The goal of this article is to provide an overview of the most common types of fouling in fired heaters and preventive strategies. It addresses areas inside the tubes, on the outside of radiant tubes, convection section, burners, air preheaters and selective catalytic reduction (SCR).

Fouling is generally classified by six categories.  The first three are commonly found in fired heaters and related equipment.

Type Definition
Particulate fouling Accumulation of suspended particles in the liquid or gaseous process streams onto the heat transfer surfaces. Main drivers are concentration of particles and fluid flow velocity.

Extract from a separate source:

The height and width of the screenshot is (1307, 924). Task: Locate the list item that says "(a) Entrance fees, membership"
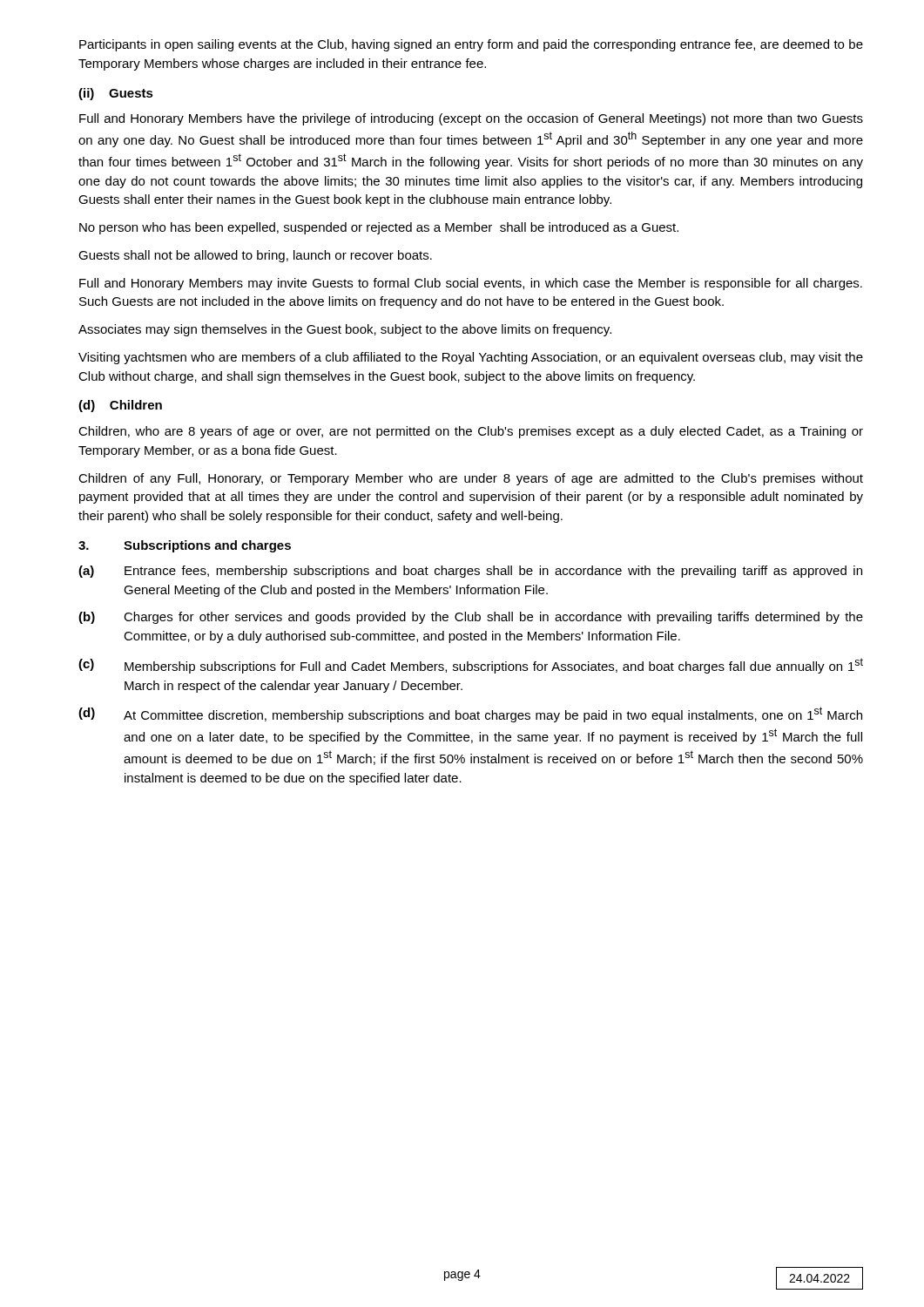471,580

Example: fouling of convection banks due to dust and soot.
Reaction fouling Chemical reactions on the heat transfer surfaces. The surface material itself is not a reactant but can be a catalyst. Main driver is temperature. Example: thermal cracking of hydrocarbons in the fluid film.
Corrosion fouling Accumulation of corrosion product on the heat transfer surface. The heat transfer surface material itself reacts to produce the corrosion products. The products of corrosion can cause particulate fouling downstream.
Precipitation fouling Crystallization of dissolved salts from saturated solutions due to solubility changes with temperature. Example: scaling in boiler tubes.
Biological fouling The attachment of living materials to the heat transfer surface.
Solidification fouling Freezing of high-melting components from a multi-component solution on subcooled surfaces. Example: wax formation on subcooled surfaces.

 

Fouling Inside Fired Heater Tubes

Particulate, reaction, and corrosion fouling occur inside fired heater tubes. The most common one is reaction fouling in the form of coking, which is driven by temperature, residence time, velocity, and feed composition. The heaters that are the most prone to this type of fouling are the ones that process crude feeds, due to the wide range of components they require. This is especially true for refineries that turned to alternative heavy feedstocks that are more cost-effective to process. For example, bitumen (asphalt) is a highly viscous semi-solid form of petroleum. Canada has the largest reserve of natural asphalt (“tar”) in the tar sands, which is a combination of clay, sand, water, and bitumen. Tar sands can be mined and processed to extract the bitumen, which is then refined into oil.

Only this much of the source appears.